A Strong Individual and Determined Entrepreneur

Padmaja Reddy is the Founder and Managing Director of Spandana Sphoorty Financial Ltd. She was born to a family of farmers in a small town Guntur in Andhra Pradesh. Her upbringing and education has made her a strong individual who challenged conventional thinking. Her determination, insights into the livelihoods of the poor and an insatiable appetite for sustainable market linked solutions have gone a long way in establishing her as a first generation entrepreneur. She comes with a strong subject expertise and experience of more than 18 years in the Micro Finance Industry. She started her career with an NGO and now the proud Managing Director of a more than 4,000 employee base organization. Padmaja continues to put her priority in the order of customer first then the organization and last herself.

Padmaja pursued various trainings on Microfinance – all CGAP modules on Microfinance, a course on Microfinance at Naropa University, U.S.A, Credit and Micro Enterprise Development Training from Durham University Business School, U.K Market Research for Micro Finance at Uganda and Strategic Planning of Microfinance from Harvard University, USA. She continues to steer Spandana in setting new benchmarks for the financial services industry.

Realizing that there is a Huge Demand for Small Loans

Padmaja, while working with an NGO prior to starting Spandanahappened to meet a rag picker and ended up giving her a loan of Rs.2,000 from that organization. This small loan helped her to improve her daily income from Rs.20 to Rs.50 per day and several other women in Guntur started approaching for the similar help. The rag picker paid an interest of Rs.120,000 over a period of 14 years on a loan of Rs.270- which was paid back every day. Several other women who had similar story approached for a loan and having realized that there is a huge demand for small loans, she promoted Spandana.

After five years of its inception, by 2003, Spandana grew to the largest Micro Finance Institution in India and sixth largest across globe and was the most profitable across South Asia.  In 2001, it was rated by M-cril and the first Alpha rating was given to Spandana. It helped to raise loans from banks and that helped to grow at a CAGR of over 100% for 10 consecutive years. Spandana expanded its operations beyond Andhra Pradesh and in its peak in 2010 October, it was present across 12 States in India.
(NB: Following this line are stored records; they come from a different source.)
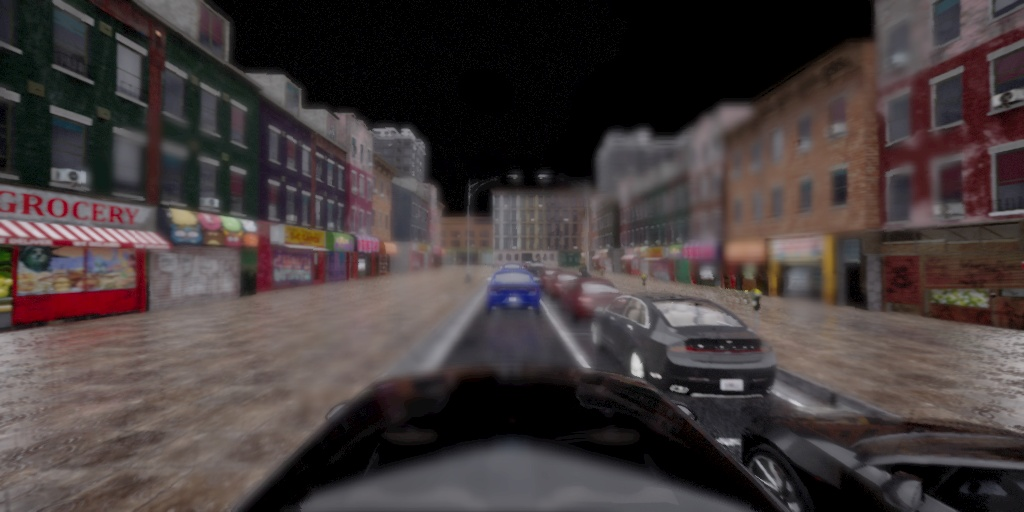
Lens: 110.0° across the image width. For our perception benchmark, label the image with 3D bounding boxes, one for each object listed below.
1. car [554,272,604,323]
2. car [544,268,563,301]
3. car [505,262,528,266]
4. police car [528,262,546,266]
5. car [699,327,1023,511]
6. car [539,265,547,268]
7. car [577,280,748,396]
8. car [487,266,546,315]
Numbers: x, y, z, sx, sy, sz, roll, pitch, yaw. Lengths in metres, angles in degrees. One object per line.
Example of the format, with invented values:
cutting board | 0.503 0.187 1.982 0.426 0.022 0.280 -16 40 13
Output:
car | 2.640 1.398 11.998 1.802 1.307 4.207 0 0 0
car | 2.641 1.435 17.501 1.802 1.307 4.207 0 0 0
car | 0.098 1.422 30.769 1.882 1.535 5.008 0 0 0
police car | 2.754 1.423 38.058 1.930 1.638 5.238 0 0 0
car | 2.640 1.311 0.992 1.948 1.339 4.313 0 0 0
car | 2.641 1.472 23.005 1.802 1.307 4.207 0 0 0
car | 2.640 1.331 6.494 2.007 1.370 4.403 0 0 0
car | 0.095 1.308 14.112 1.882 1.535 5.008 0 0 0
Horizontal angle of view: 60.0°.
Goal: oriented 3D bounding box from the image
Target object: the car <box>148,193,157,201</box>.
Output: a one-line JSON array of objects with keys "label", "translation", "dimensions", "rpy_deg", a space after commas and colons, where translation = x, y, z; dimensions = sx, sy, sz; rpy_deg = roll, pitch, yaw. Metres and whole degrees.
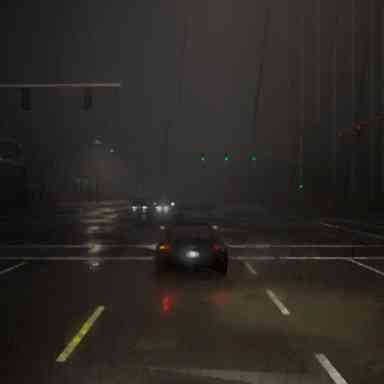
[{"label": "car", "translation": [-8.151, 1.146, 68.049], "dimensions": [2.150, 2.045, 5.566], "rpy_deg": [0, 0, -1]}]

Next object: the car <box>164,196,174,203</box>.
[{"label": "car", "translation": [-4.655, 1.518, 68.326], "dimensions": [1.895, 1.301, 4.718], "rpy_deg": [0, 0, -1]}]

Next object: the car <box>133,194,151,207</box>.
[{"label": "car", "translation": [-7.965, 1.467, 51.743], "dimensions": [1.812, 1.442, 4.674], "rpy_deg": [0, 0, -1]}]

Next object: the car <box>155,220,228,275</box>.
[{"label": "car", "translation": [-0.088, 1.552, 10.446], "dimensions": [1.994, 1.385, 4.181], "rpy_deg": [0, 0, -3]}]

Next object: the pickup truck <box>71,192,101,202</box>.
[{"label": "pickup truck", "translation": [-21.263, 0.983, 67.351], "dimensions": [2.390, 2.098, 6.274], "rpy_deg": [0, 0, 30]}]

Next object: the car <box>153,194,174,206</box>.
[{"label": "car", "translation": [-4.472, 1.433, 52.082], "dimensions": [2.128, 1.511, 4.902], "rpy_deg": [0, 0, -1]}]
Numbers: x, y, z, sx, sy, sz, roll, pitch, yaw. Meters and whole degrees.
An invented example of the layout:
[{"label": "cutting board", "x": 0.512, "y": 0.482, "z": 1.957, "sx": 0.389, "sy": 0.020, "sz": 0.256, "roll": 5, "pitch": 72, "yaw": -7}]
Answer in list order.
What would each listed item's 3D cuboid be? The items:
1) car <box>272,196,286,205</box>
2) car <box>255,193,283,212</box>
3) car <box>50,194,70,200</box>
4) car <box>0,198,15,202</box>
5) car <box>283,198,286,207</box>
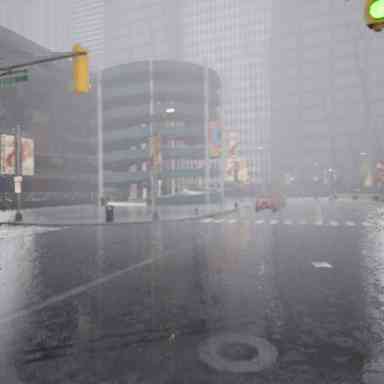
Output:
[{"label": "car", "x": 14.693, "y": 1.425, "z": 56.221, "sx": 1.994, "sy": 1.385, "sz": 4.181, "roll": -1, "pitch": 0, "yaw": 10}, {"label": "car", "x": 8.571, "y": 1.143, "z": 37.525, "sx": 2.150, "sy": 2.045, "sz": 5.566, "roll": -1, "pitch": 0, "yaw": 21}, {"label": "car", "x": -31.155, "y": 1.411, "z": 78.731, "sx": 5.566, "sy": 2.045, "sz": 2.435, "roll": -1, "pitch": 0, "yaw": 20}, {"label": "car", "x": -28.328, "y": 1.658, "z": 49.989, "sx": 4.674, "sy": 1.452, "sz": 2.002, "roll": -1, "pitch": 0, "yaw": 20}, {"label": "car", "x": 11.981, "y": 1.379, "z": 46.612, "sx": 2.128, "sy": 1.511, "sz": 4.902, "roll": -1, "pitch": 0, "yaw": 21}]
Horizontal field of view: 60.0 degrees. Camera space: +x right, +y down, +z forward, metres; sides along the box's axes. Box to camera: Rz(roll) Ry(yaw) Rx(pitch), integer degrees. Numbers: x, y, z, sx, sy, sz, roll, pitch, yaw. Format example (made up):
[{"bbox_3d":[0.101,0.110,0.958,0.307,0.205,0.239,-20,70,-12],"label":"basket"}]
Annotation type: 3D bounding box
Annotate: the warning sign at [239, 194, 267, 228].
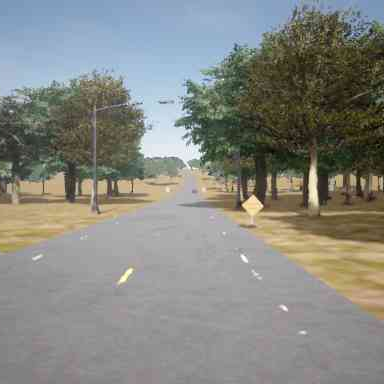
[{"bbox_3d":[3.605,1.098,19.796,1.300,1.860,1.060,3,3,0],"label":"warning sign"}]
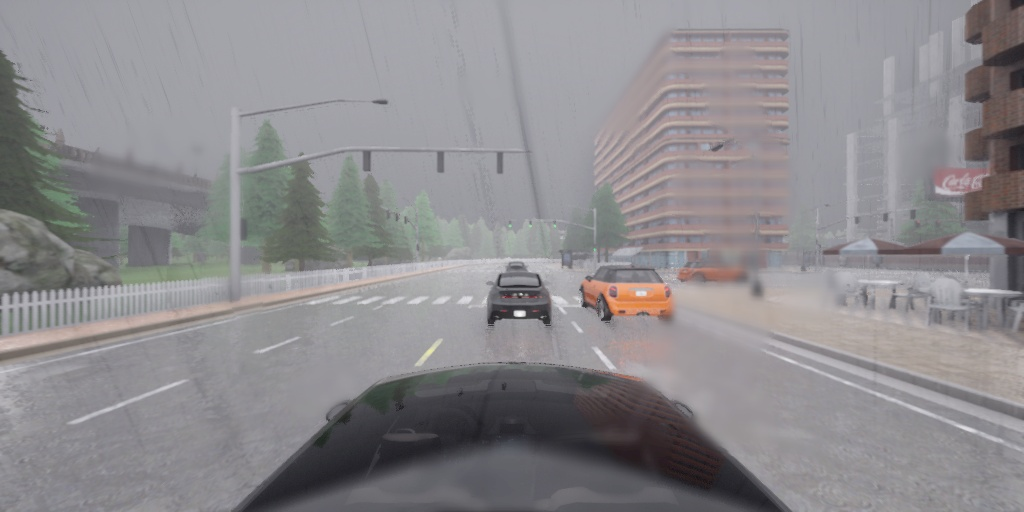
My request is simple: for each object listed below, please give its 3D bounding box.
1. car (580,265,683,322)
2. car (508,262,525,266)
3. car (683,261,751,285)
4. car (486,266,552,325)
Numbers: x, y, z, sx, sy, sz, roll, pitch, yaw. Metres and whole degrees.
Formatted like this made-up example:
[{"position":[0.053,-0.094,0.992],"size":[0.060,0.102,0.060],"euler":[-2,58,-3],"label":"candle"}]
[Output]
[{"position":[3.715,1.092,12.396],"size":[2.097,1.767,4.553],"euler":[0,0,0],"label":"car"},{"position":[0.387,1.249,32.064],"size":[1.837,1.490,4.892],"euler":[0,0,1],"label":"car"},{"position":[14.486,1.141,25.716],"size":[4.553,1.767,2.097],"euler":[0,0,-3],"label":"car"},{"position":[0.211,1.244,11.762],"size":[1.837,1.490,4.892],"euler":[0,0,0],"label":"car"}]
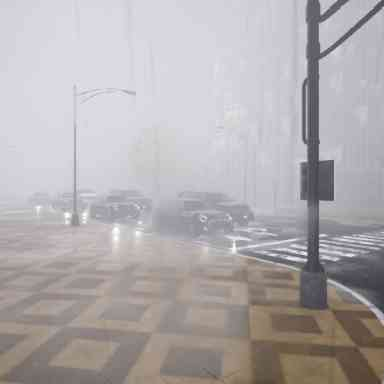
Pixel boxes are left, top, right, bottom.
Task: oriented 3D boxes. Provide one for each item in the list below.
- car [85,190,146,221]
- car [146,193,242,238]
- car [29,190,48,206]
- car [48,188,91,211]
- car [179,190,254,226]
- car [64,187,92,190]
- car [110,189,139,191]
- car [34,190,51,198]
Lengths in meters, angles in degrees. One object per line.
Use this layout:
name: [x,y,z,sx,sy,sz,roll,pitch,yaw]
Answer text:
car: [-5.464,0.965,23.355,2.097,1.767,4.553,0,1,-38]
car: [-0.051,1.125,16.510,2.097,1.767,4.553,0,1,-38]
car: [-17.808,0.772,39.097,1.812,1.442,4.674,0,1,-38]
car: [-11.496,0.786,31.019,2.097,1.767,4.553,0,1,-38]
car: [1.141,0.951,20.205,2.150,2.045,5.566,0,1,-40]
car: [-12.098,0.558,37.067,2.150,2.045,5.566,0,1,-37]
car: [-5.481,0.754,28.630,2.150,2.045,5.566,0,1,-38]
car: [-28.714,0.281,63.768,1.812,1.442,4.674,0,1,-38]
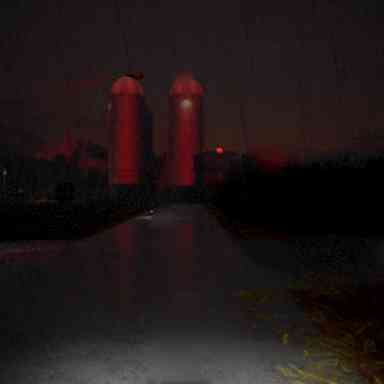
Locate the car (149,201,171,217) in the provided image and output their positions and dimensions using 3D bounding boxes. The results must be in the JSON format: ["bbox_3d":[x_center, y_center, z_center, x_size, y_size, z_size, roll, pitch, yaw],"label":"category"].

Impact of Enforced Ordinance of the State

In 2010 Oct, while Spandana was heading for an Initial Public Offer, the AP Government passed an ordinance, which had impacted the business very badly. Micro Finance Business in AP came to standstill with the ordinance enforcing several restrictions on loan disbursement and collections.  Spandana has 50% of its portfolio in AP. The net worth of the company turned negative with huge provisions made against AP portfolio. RBI allowed AP MFIS to get into Corporate Debt Restructuring and Spandana was admitted in CDR with effect from 1st April 2011. After six and half years, the company exited from CDR and raised Rs.789 Cr equity from Kedaara Capital and OTTP.

Focus on Providingfinancial services at Lowest Operational Cost

India has a huge potential for Microfinance in rural market and Spandana is a rural focused MFI. The micro entrepreneur thrives to develop the business to improve one’s economic standards. Over time it has built a strong systems & processes to maintain best quality of portfolio, best client screening practices, End to End Information Technology with seamless connectivity, paperless branch network, incentives to focus on client satisfaction etc. Spandana has lowest operational cost in the industry and the core strategy is to have customer centric products and processes to deliver quality services at lowest TAT and best in quality service. It maintains client stickiness by providing fast and quality service before any MFI. It is against the inorganic growth strategies like acquisition of smaller MFIs to grow multifold.

Empowering Women through Abhilasha

Abhilasha, an unique loan is designed especially for low-income households who aspire to improve their financial well-being. Services offered by Spandana Sphoortyare as per the convenience of the clients. All the terms and conditions of the loans are made known to the clients to maintain the core value of transparency. The organization has no hidden charges in the name of value added services. Spandana Sphoorty started Abhilasha, catering it to all rural women who are in need of Micro loan. It offers loan for small and petty businesses ranging from Rs.15,000 to Rs.60,000 in Joint Liability Group model. The clients can repay easily in 24 to 72 fortnightly installments with interest. All borrowers and their spouses are insured and in case of any unfortunate event, he organization does not collect the loan balance and further refunds the amount collected till then. It also offers an interim loan to customers to support the working capital requirements for their business. This is smaller amount compared to Abhilasha but comes handy to meet their interim requirements.

Improving the Living Standards of Clients

Spandana Sphoorty thrives to improve the living standards of the clients, and also offer small home appliances such as Pressure cooker, Iron box, Solar Lanterns and more in easy fortnightly installments. Rural women aspire to have them at their home but due to their irregular cash flows they cannot afford to purchase them by paying full amount. The consumer finance NBFC companies do not offer consumer loans to this section of the society. Spandana Sphoorty decides to be with their clients to make their wishes come true. Apart from this Spandana Sphoorty also offers loan against property to clients who have established a SME unit and are in need of loan between Rs.1 Lakh to 10 Lakh and Loan against gold in a small way.

Envisioning the Future through Financial Services

Spandana Sphoorty plans to expand into many more states serving larger clientele. It will further penetrate into the existing states as well and is predominantly present in southern and central part of India as of now. Spandana will extend the foot prints to other regions and will be most preferred financial services client for the bottom of the pyramid segment.